I had never heard of foreign accent syndrome until recently. I happened to be watching an episode of 60 minutes with three women who were interviewed regarding their experience of Foreign Accent Syndrome (FAS). Believe it or not, this is a real medical condition where patients develop speech patterns that are perceived as a foreign accent.
Foreign accent syndrome can happen after a head injury, stroke or other types of brain damage. Although it is a rare condition, it has happened to around 100 people since it first became known in 1907.
One of the women interviewed on 60 Minutes was an Australian woman who developed a French sounding accent after a car accident. Another case involved a woman America who woke up one day with a mixture of Australian, British and Irish accents. Her only symptom was falling asleep with a headache the night before.
Foreign accent syndrome can happen to anyone irrespective of your native language
Foreign accent syndrome seems to relate two conditions that affect and damage the Broca’s area of the brain. This is the area of the brain that typically produces speech.

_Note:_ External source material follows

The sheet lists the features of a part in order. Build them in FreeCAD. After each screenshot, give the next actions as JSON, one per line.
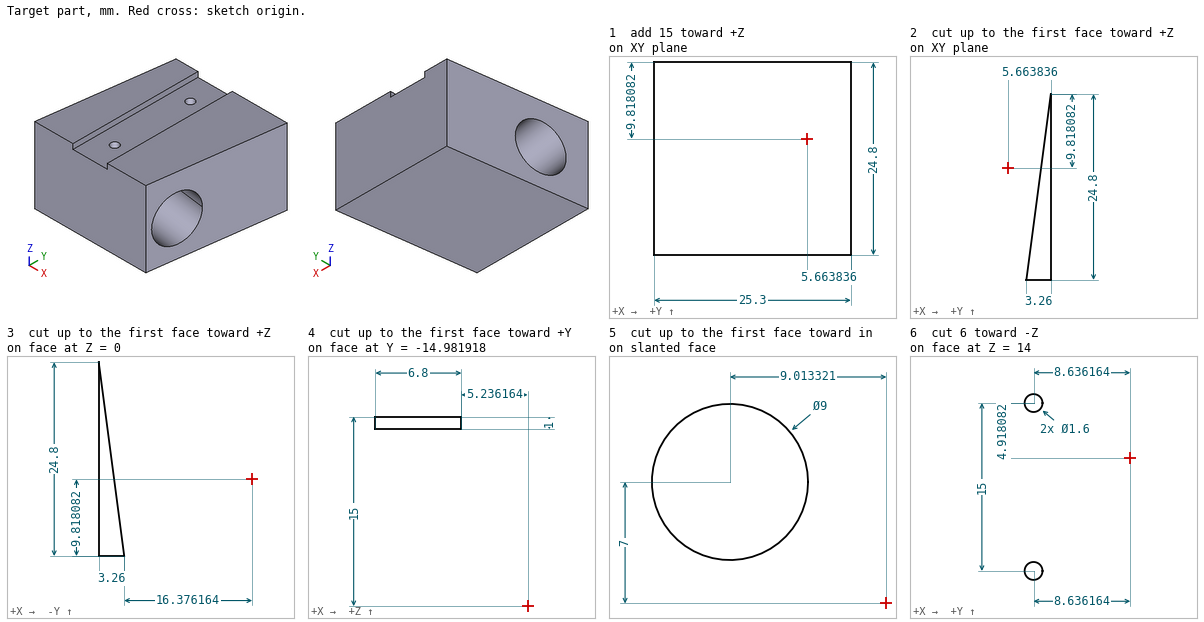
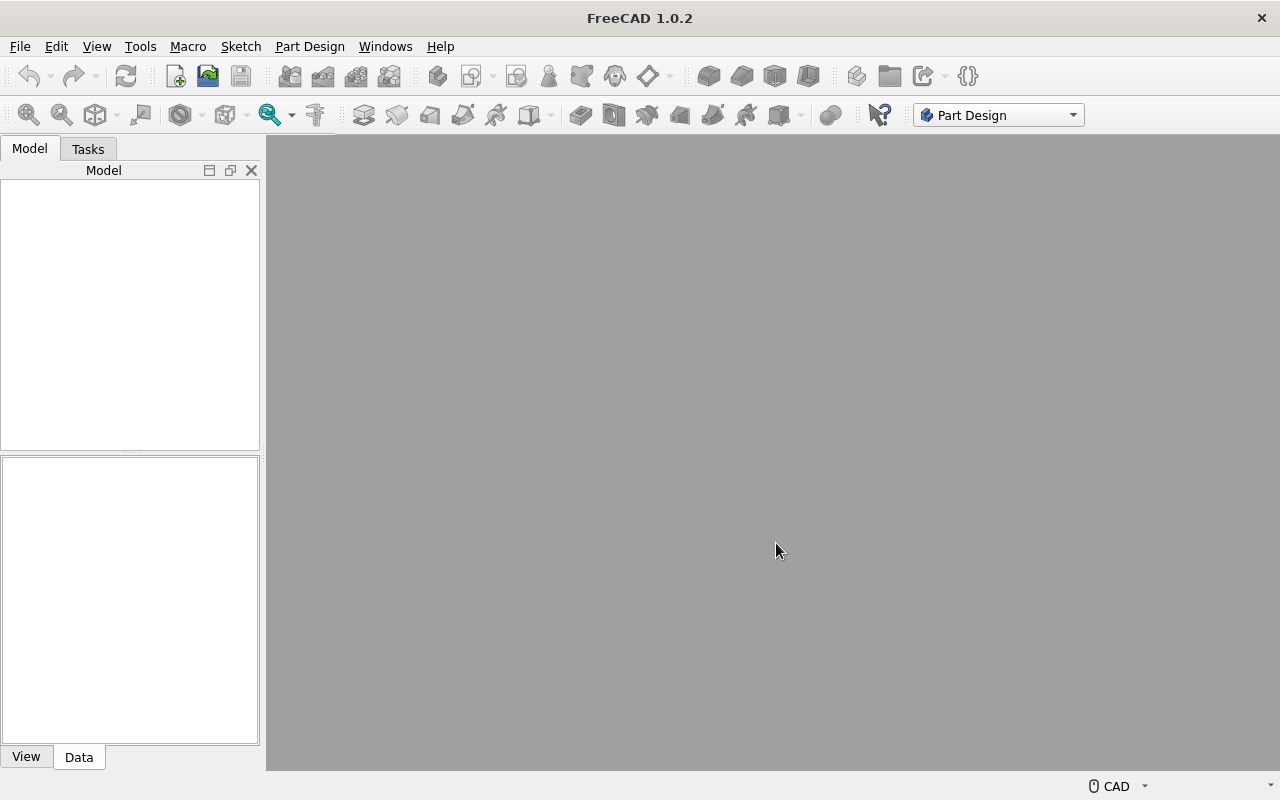
{"action": "key", "text": "ctrl+n"}

Symptoms of foreign accent syndrome
We naturally pick up tones and accents as we grow up by listening to others around us. This is called your phonetic system. Researchers find foreign accent syndrome especially puzzling because most of us have a fixed phonetic system by our late teens. There have been cases in the past of children growing up with wild animals and if they pass that window of opportunity, the brain loses its capacity to learn language.
Although foreign accent syndrome may sound quite bizarre and perhaps even comical it can be incredibly distressing for a person to speak completely differently to the way they would normally sound. Foreign accent syndrome can have severe psychological consequences and can interfere with an individual’s identity.
The prognosis for foreign accent syndrome
Many causes of FAS are not curable, in most cases a doctor will prescribe speech therapy to help a person regain their normal habits. For one British woman, her experience of Foreign Accent Syndrome was particularly difficult. Despite having lived in the UK her whole life, Julie Matthias suddenly found that she no longer spoke with an English accent -sounding French or Chinese instead. People spoke to her as if she did not understand English.
Imagine waking up and no longer sounding like the person you really are, that must be pretty disturbing.
Foreign Accent Syndrome shows how complicated and interesting the brain is. Nick Miller, at Newcastle University, explains that are accents mark our social class, education level and many other traits that allow others to make judgements about us.
Miller, along with Jack Ryalls, of the University of Central Florida, recently compiled a book day detailing these experiences, called Foreign Accent Syndrome: the stories people have to tell.
Foreign accent syndrome must be a life-altering experience and shows how we all have to cope with all sorts of unusual experiences in life.